Actually maybe you did since last week I happened to be the only parent holding the markers, meant for name tags, over my head and out of my three year old’s reach, while simultaneously blocking the doorway with my entire body so my toddler could not escape.
Anyway, you all seem to have a monopoly on the story time social scene. I really was not prepared for this. Who knew you could feel alone with two three year-olds and a toddler climbing up your side? Somehow, now that I am in this stay-at-home mom world, the cool group seems to not need to wear make up or even clothes that don’t look like pajamas to be the in crowd.
So last week, while you ladies were chatting and I was beckoning my son down from that enticing tower that holds the puppets, I was so excited when you started talking about choosing the perfect preschool. I saw my chance to jump in on the conversation. Do you remember your response when I mentioned the school I intended to visit? Well your stroller-clad ringleader scrunched her nose immediately, letting me know with a loud whisper that that was the school “where lots of special needs kids go.” And the rest of you? Well you didn’t skip a beat nodding your pony-tailed heads in holier-than-thou agreement. I should avoid this place like the plague, according to all of you.

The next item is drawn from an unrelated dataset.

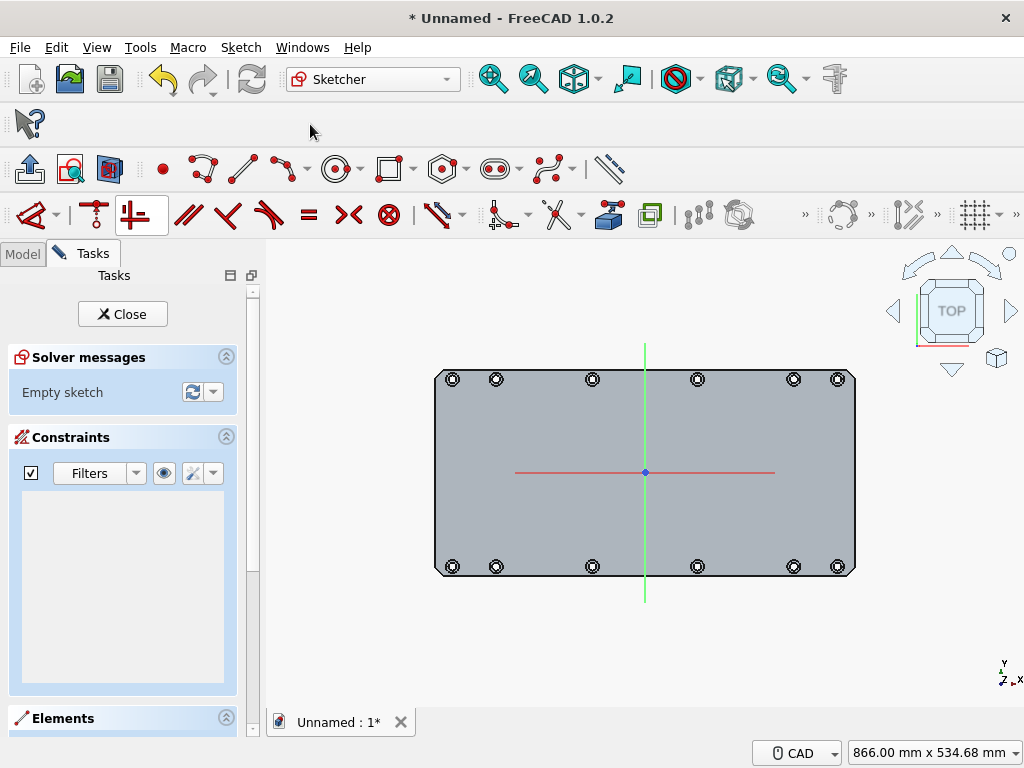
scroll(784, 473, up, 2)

Since this was during the day and my oldest was in school, the “AUTISM” sign affixed to my forehead was not lit up and blinking. Regrettably (to put it mildly) I did not say enough in response to your ignorant comment to blind you with my fluorescent headdress.
So I will say it now…
Acceptance and inclusion are priceless, beautiful things.
Autism affects 1 in 100 kids ladies, add in all of the other disabilities or should I say, different abilities, out there, and you are looking at a much, much greater number than that. I’m sure your clique has created a solid bubble of blissful ignorance but you are headed for the real world and it is soon to burst. When it does? You will have done your children no favors.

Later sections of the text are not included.